Looking ahead to 2025, AMRO predicts a slight easing in growth to 4.3 per cent, as regional economies converge to their trend growth rates.

“The overall balance of risks to the region’s outlook has improved since April,” said AMRO chief economist Hoe Ee Khor. “Real estate aside, China’s economy continues to grow robustly. Tourism has rebounded close to pre-pandemic levels for most economies in the region, and the global semiconductor recovery is broadening to benefit more economies and sectors in ASEAN+3.”

Inflation in the ASEAN+3 region, excluding Lao PDR and Myanmar, is forecast to moderate to 2.1 per cent in 2024, down from the previous forecast of 2.5 per cent. Despite this, downside risks to inflation persist, particularly if geopolitical tensions escalate and trigger increases in global commodity and shipping prices.

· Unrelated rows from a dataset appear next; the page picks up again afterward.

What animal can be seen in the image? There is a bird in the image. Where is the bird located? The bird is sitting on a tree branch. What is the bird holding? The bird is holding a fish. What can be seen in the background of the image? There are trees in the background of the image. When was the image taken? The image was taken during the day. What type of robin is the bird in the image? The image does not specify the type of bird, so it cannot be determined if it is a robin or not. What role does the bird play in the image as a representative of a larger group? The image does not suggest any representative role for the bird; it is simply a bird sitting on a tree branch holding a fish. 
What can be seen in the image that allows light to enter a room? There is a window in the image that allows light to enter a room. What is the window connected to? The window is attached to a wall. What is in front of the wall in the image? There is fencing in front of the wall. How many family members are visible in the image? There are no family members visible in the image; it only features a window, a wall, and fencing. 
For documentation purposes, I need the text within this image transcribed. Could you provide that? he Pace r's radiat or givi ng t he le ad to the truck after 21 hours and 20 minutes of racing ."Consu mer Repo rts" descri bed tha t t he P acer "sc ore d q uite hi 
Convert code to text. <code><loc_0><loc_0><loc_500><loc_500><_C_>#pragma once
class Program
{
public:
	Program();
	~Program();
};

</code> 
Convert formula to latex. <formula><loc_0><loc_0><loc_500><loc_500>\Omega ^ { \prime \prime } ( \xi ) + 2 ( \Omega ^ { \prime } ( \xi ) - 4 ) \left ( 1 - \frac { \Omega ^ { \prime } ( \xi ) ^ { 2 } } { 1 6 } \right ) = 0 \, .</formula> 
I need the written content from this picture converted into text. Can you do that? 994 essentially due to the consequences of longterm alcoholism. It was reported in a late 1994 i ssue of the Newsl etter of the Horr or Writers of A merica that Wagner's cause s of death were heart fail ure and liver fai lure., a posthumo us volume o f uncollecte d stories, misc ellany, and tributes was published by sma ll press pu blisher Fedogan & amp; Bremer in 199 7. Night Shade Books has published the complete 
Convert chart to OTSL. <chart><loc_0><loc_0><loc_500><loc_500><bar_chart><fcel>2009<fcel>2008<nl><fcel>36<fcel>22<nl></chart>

The report also highlights increased risks related to the US economy. Prolonged higher interest rate expectations in the US have put pressure on many of the region’s currencies. Additionally, the ASEAN+3 asset markets could experience heightened volatility leading up to the November US presidential election, especially if campaign dynamics exacerbate US-China trade tensions.

“The bad news is that the region’s outlook next year could be significantly affected by the outcome of the U.S. elections. The good news is, the region has weathered similar shocks before,” Khor said. “Our economies need to keep rebuilding policy space and pursue policies to enhance resilience to shocks.”